Answer :
To solve this question, we need to understand what a "two-tailed test at the 5% level" means in the context of statistics.
A two-tailed test is used when you are interested in determining whether a sample is significantly different from the population mean in either direction (higher or lower).
The significance level of 5% means that there is a total probability of 0.05 allocated to the two tails of the normal distribution. This is split equally between the two tails, with 0.025 (2.5%) in each tail.
In a standard normal distribution, the critical Z scores represent the values beyond which we would reject the null hypothesis. For a two-tailed test at the 5% level:
1. You look up the critical Z score that corresponds to 0.025 in the lower tail. This will be the negative critical value.
2. Similarly, for the upper tail, you look at the 0.975 (because 1 - 0.025 = 0.975) cumulative probability in the standard normal distribution, which gives you the positive critical value.
From statistical Z tables or calculators:
- The Z score that corresponds to 0.025 in the lower tail is approximately -1.96.
- The Z score that corresponds to 0.975 in the upper tail is approximately 1.96.
Thus, in a two-tailed test at the 5% level, the critical boundary Z scores are +1.96 and -1.96.
A two-tailed test is used when you are interested in determining whether a sample is significantly different from the population mean in either direction (higher or lower).
The significance level of 5% means that there is a total probability of 0.05 allocated to the two tails of the normal distribution. This is split equally between the two tails, with 0.025 (2.5%) in each tail.

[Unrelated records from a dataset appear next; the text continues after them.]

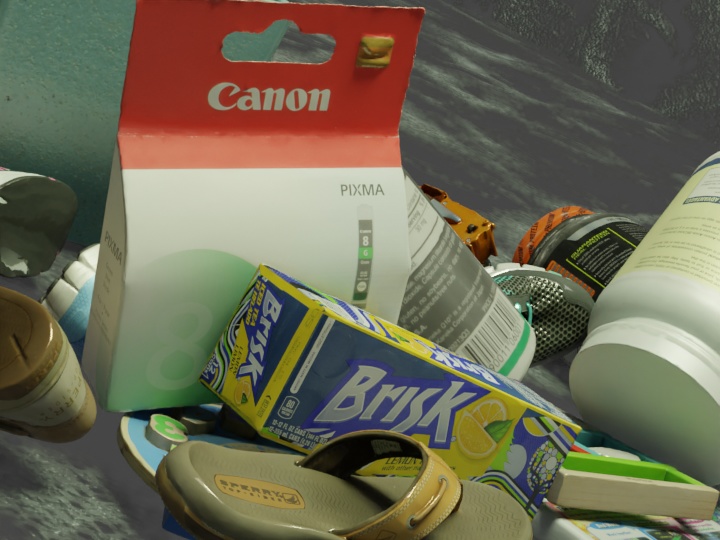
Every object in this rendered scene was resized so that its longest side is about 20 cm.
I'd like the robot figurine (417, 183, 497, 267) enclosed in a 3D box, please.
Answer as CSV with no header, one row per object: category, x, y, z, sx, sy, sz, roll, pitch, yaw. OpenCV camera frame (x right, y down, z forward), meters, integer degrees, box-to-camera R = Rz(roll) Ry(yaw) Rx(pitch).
robot figurine,0.027,-0.020,1.318,0.199,0.058,0.146,25,-33,43

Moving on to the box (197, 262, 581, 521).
box,0.019,0.068,0.917,0.199,0.071,0.064,26,4,-40

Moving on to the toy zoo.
toy zoo,0.108,0.104,1.121,0.130,0.021,0.199,11,9,-37

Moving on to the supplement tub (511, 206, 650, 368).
supplement tub,0.207,0.035,1.380,0.122,0.123,0.200,13,19,-38

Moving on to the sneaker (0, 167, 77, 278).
sneaker,-0.257,-0.036,1.013,0.086,0.081,0.199,19,1,33

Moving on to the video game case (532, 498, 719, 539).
video game case,0.212,0.184,1.051,0.182,0.024,0.199,34,18,37

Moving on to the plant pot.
plant pot,-0.193,-0.133,1.171,0.195,0.201,0.196,15,17,-33

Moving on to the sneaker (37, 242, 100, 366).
sneaker,-0.101,0.037,1.018,0.090,0.078,0.200,48,24,15

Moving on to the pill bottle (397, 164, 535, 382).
pill bottle,0.000,0.000,1.031,0.200,0.113,0.113,50,9,-14

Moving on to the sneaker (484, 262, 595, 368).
sneaker,0.069,0.040,1.167,0.198,0.078,0.091,-3,12,-19

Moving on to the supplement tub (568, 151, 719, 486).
supplement tub,0.238,0.029,1.188,0.144,0.146,0.200,29,56,20

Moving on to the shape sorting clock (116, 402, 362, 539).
shape sorting clock,-0.025,0.110,0.895,0.198,0.040,0.200,23,14,-6

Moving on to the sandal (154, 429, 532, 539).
sandal,0.003,0.099,0.809,0.199,0.054,0.080,15,21,-33

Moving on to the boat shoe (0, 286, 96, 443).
boat shoe,-0.204,0.031,0.858,0.199,0.071,0.065,25,-23,39

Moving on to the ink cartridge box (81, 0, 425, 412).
ink cartridge box,-0.046,-0.030,0.894,0.160,0.202,0.050,-2,31,-29
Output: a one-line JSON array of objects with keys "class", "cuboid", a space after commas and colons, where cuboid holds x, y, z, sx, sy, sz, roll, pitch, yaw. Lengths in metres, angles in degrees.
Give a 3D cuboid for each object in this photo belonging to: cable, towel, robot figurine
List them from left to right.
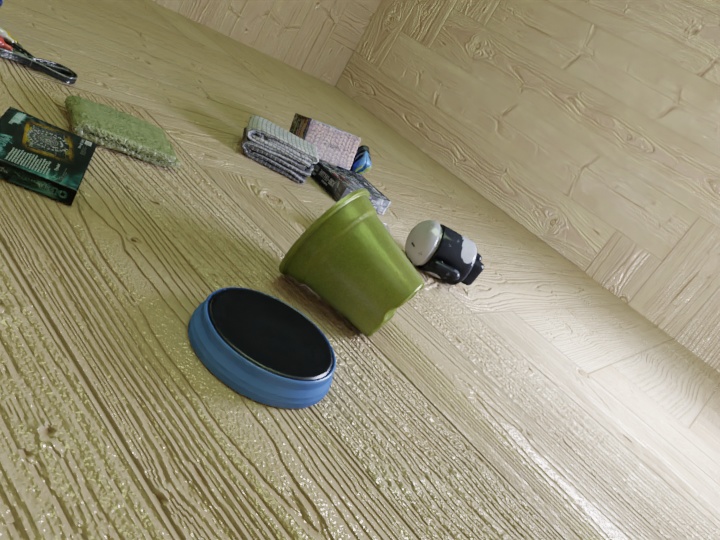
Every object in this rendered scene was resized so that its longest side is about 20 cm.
[{"class": "cable", "cuboid": [-0.658, -0.427, 1.176, 0.199, 0.050, 0.097, 22, 23, -25]}, {"class": "towel", "cuboid": [-0.442, -0.256, 1.122, 0.199, 0.037, 0.149, 16, 26, -41]}, {"class": "towel", "cuboid": [-0.211, -0.315, 1.563, 0.199, 0.086, 0.166, 25, 19, -18]}, {"class": "robot figurine", "cuboid": [0.205, -0.040, 1.483, 0.199, 0.125, 0.150, 27, -10, -15]}]

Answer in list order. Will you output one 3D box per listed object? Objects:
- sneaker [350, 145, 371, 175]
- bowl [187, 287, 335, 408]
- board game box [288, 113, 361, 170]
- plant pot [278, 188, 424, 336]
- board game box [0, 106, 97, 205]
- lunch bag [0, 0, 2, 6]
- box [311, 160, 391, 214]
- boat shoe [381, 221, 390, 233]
[{"class": "sneaker", "cuboid": [-0.016, -0.331, 1.822, 0.070, 0.083, 0.199, 6, -5, -22]}, {"class": "bowl", "cuboid": [-0.120, 0.092, 0.772, 0.200, 0.039, 0.201, 28, 20, -11]}, {"class": "board game box", "cuboid": [-0.114, -0.382, 1.770, 0.159, 0.097, 0.200, 17, 12, -24]}, {"class": "plant pot", "cuboid": [0.000, 0.000, 0.994, 0.184, 0.200, 0.200, 46, 21, 7]}, {"class": "board game box", "cuboid": [-0.471, -0.172, 0.880, 0.135, 0.028, 0.200, 23, 22, -25]}, {"class": "lunch bag", "cuboid": [-0.827, -0.601, 1.231, 0.169, 0.128, 0.199, 17, -5, -39]}, {"class": "box", "cuboid": [-0.028, -0.234, 1.694, 0.199, 0.050, 0.158, 8, 31, -50]}, {"class": "boat shoe", "cuboid": [-0.010, -0.084, 1.371, 0.199, 0.057, 0.067, 1, 71, -50]}]
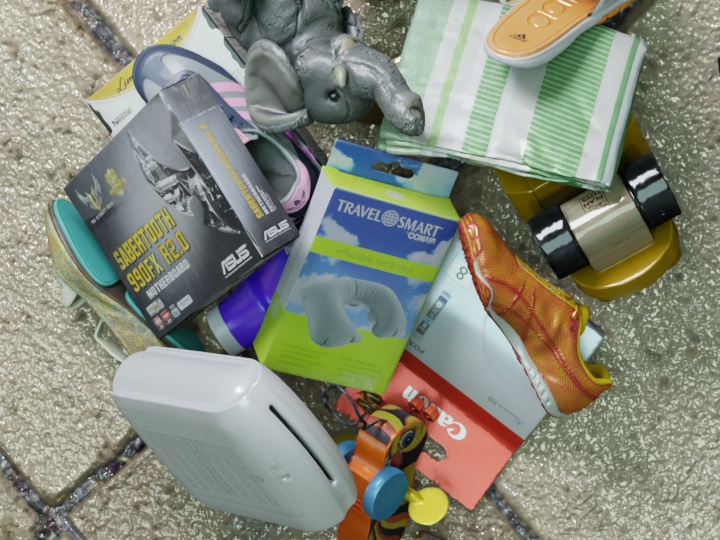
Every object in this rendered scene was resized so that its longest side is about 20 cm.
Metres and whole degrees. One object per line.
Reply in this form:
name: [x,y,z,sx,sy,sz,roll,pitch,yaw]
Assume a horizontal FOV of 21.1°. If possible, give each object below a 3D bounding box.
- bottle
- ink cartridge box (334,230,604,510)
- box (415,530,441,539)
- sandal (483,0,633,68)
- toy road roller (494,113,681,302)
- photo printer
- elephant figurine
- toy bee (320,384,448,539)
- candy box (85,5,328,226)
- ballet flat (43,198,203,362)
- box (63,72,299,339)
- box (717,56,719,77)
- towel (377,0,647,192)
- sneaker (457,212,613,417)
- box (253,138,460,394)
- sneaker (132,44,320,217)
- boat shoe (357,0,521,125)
bottle: [-0.041,0.004,1.685,0.199,0.065,0.084,-31,104,8]
ink cartridge box: [0.092,0.087,1.686,0.160,0.047,0.201,36,96,4]
box: [0.066,0.347,1.712,0.118,0.041,0.202,23,94,5]
sandal: [0.173,-0.236,1.584,0.079,0.207,0.060,24,136,23]
toy road roller: [0.197,-0.063,1.641,0.122,0.146,0.201,-29,53,8]
photo printer: [-0.101,0.141,1.622,0.070,0.199,0.167,-51,121,-25]
elephant figurine: [-0.039,-0.174,1.582,0.140,0.155,0.202,-24,87,5]
toy bee: [0.029,0.166,1.666,0.108,0.201,0.131,-32,68,-34]
candy box: [-0.125,-0.112,1.692,0.136,0.061,0.201,-38,88,9]
ballet flat: [-0.225,0.027,1.715,0.071,0.071,0.200,-44,88,8]
box: [-0.153,-0.050,1.615,0.159,0.048,0.200,57,141,1]
box: [0.365,-0.091,1.564,0.123,0.197,0.202,-9,93,6]
towel: [0.126,-0.147,1.587,0.198,0.023,0.154,12,68,14]
sneaker: [0.144,0.028,1.610,0.077,0.073,0.201,-31,112,7]
box: [0.000,0.000,1.620,0.121,0.048,0.201,13,114,-21]
sneaker: [-0.113,-0.121,1.618,0.199,0.082,0.070,38,96,3]
boat shoe: [0.078,-0.184,1.663,0.198,0.074,0.070,-17,67,6]
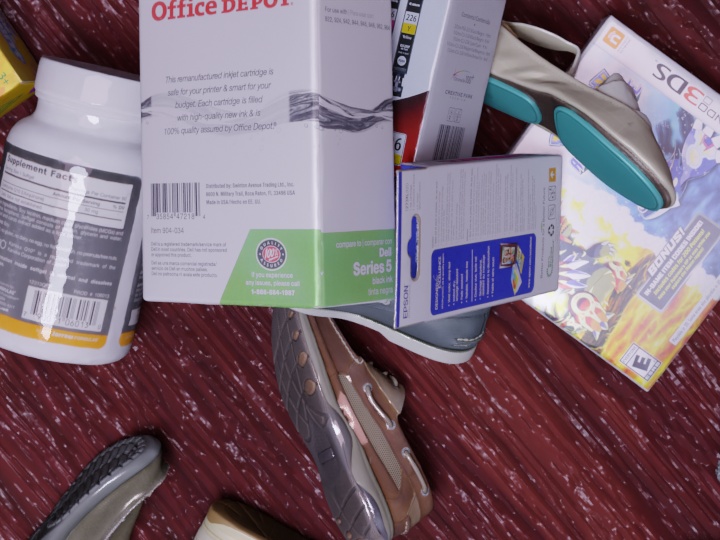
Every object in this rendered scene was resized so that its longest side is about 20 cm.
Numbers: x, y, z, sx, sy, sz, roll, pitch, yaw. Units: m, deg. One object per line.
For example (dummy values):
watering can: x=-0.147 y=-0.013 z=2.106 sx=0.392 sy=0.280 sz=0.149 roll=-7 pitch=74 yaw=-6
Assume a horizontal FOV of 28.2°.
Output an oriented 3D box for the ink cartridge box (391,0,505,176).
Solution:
ink cartridge box: x=-0.014 y=-0.165 z=0.956 sx=0.200 sy=0.084 sz=0.176 roll=16 pitch=99 yaw=28

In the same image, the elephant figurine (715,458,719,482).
elephant figurine: x=0.276 y=0.226 z=1.014 sx=0.141 sy=0.155 sz=0.200 roll=5 pitch=115 yaw=-39

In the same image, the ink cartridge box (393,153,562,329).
ink cartridge box: x=0.068 y=-0.023 z=0.910 sx=0.037 sy=0.200 sz=0.095 roll=6 pitch=100 yaw=34

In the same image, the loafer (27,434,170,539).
loafer: x=-0.204 y=0.205 z=1.071 sx=0.070 sy=0.075 sz=0.200 roll=40 pitch=104 yaw=-13

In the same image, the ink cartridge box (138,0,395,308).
ink cartridge box: x=-0.058 y=-0.080 z=0.881 sx=0.145 sy=0.084 sz=0.200 roll=2 pitch=94 yaw=36

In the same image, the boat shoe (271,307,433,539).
boat shoe: x=-0.006 y=0.101 z=1.042 sx=0.072 sy=0.076 sz=0.200 roll=-19 pitch=87 yaw=-26

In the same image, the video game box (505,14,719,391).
video game box: x=0.189 y=-0.047 z=1.012 sx=0.182 sy=0.047 sz=0.200 roll=36 pitch=99 yaw=2

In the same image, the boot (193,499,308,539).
boot: x=-0.059 y=0.283 z=1.062 sx=0.200 sy=0.073 sz=0.156 roll=31 pitch=99 yaw=2

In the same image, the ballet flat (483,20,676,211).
ballet flat: x=0.140 y=-0.116 z=0.954 sx=0.200 sy=0.069 sz=0.069 roll=36 pitch=100 yaw=21

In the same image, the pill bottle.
pill bottle: x=-0.199 y=-0.043 z=1.009 sx=0.116 sy=0.116 sz=0.200 roll=14 pitch=98 yaw=3

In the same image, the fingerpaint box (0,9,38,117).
fingerpaint box: x=-0.352 y=-0.172 z=1.024 sx=0.167 sy=0.073 sz=0.200 roll=-32 pitch=94 yaw=8

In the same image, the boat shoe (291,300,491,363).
boat shoe: x=0.000 y=0.000 z=1.013 sx=0.200 sy=0.073 sz=0.062 roll=23 pitch=125 yaw=-6
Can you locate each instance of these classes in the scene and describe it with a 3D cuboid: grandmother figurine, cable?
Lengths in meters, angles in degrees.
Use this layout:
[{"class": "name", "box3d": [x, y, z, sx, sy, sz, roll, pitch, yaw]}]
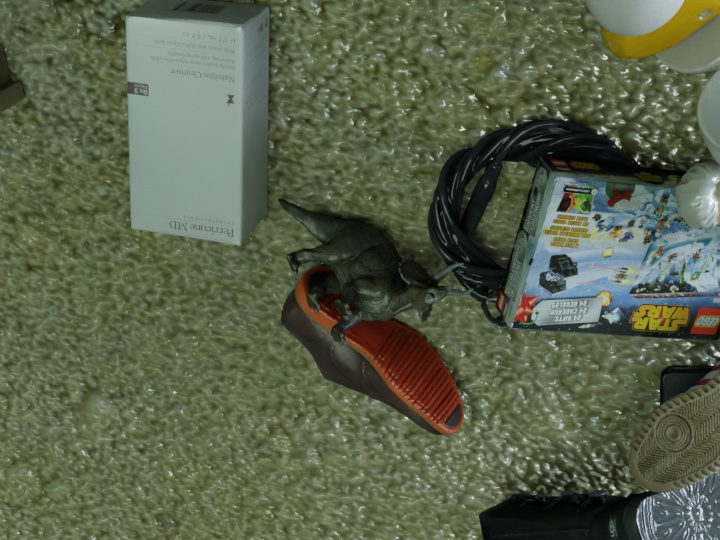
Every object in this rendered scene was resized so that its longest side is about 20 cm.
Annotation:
[{"class": "grandmother figurine", "box3d": [0.333, -0.043, 1.187, 0.198, 0.122, 0.061, 13, 147, -21]}, {"class": "cable", "box3d": [0.160, -0.051, 1.301, 0.199, 0.051, 0.164, -25, 96, 22]}]

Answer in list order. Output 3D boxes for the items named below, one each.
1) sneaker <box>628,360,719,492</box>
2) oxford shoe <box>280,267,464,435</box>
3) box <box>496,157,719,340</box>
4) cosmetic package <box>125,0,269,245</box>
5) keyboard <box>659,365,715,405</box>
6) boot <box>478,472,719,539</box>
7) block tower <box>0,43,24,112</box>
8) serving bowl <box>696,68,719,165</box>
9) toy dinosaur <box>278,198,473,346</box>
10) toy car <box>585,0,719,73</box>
[{"class": "sneaker", "box3d": [0.310, 0.104, 1.267, 0.071, 0.112, 0.200, 46, 107, 12]}, {"class": "oxford shoe", "box3d": [0.011, 0.085, 1.400, 0.200, 0.071, 0.073, 44, 132, 4]}, {"class": "box", "box3d": [0.222, -0.015, 1.235, 0.198, 0.040, 0.138, 4, 117, -21]}, {"class": "cosmetic package", "box3d": [-0.142, -0.133, 1.338, 0.112, 0.081, 0.202, 7, 114, 13]}, {"class": "keyboard", "box3d": [0.364, 0.134, 1.328, 0.198, 0.040, 0.105, 0, 90, 19]}, {"class": "boot", "box3d": [0.228, 0.224, 1.356, 0.199, 0.164, 0.066, -19, 71, 51]}, {"class": "block tower", "box3d": [-0.420, -0.172, 1.426, 0.198, 0.054, 0.058, -2, 113, 18]}, {"class": "serving bowl", "box3d": [0.355, -0.111, 1.129, 0.198, 0.201, 0.066, -8, 127, 21]}, {"class": "toy dinosaur", "box3d": [0.000, 0.000, 1.350, 0.200, 0.102, 0.077, 41, 151, 37]}, {"class": "toy car", "box3d": [0.255, -0.252, 1.131, 0.199, 0.174, 0.151, -30, 65, 27]}]
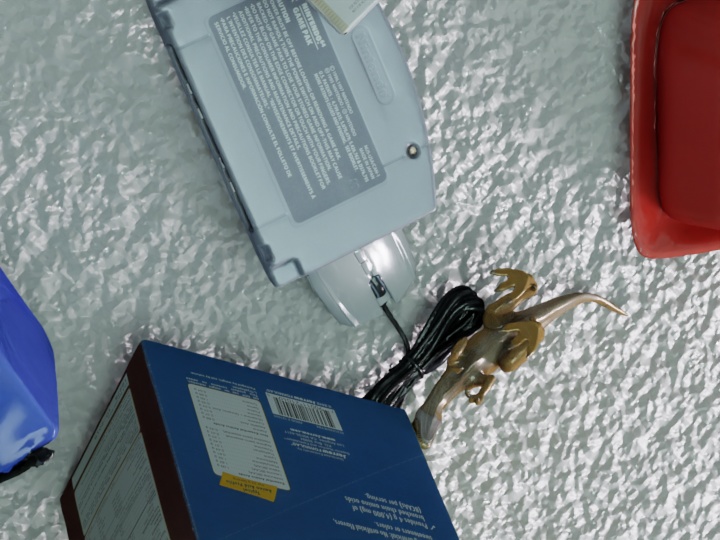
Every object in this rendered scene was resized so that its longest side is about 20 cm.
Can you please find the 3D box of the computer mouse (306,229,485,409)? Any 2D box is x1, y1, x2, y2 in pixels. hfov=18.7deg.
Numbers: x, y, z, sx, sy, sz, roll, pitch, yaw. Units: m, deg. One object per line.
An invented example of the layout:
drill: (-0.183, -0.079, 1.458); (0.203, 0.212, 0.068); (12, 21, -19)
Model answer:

In a standard normal distribution, the critical Z scores represent the values beyond which we would reject the null hypothesis. For a two-tailed test at the 5% level:
1. You look up the critical Z score that corresponds to 0.025 in the lower tail. This will be the negative critical value.
2. Similarly, for the upper tail, you look at the 0.975 (because 1 - 0.025 = 0.975) cumulative probability in the standard normal distribution, which gives you the positive critical value.
From statistical Z tables or calculators:
- The Z score that corresponds to 0.025 in the lower tail is approximately -1.96.
- The Z score that corresponds to 0.975 in the upper tail is approximately 1.96.
Thus, in a two-tailed test at the 5% level, the critical boundary Z scores are +1.96 and -1.96.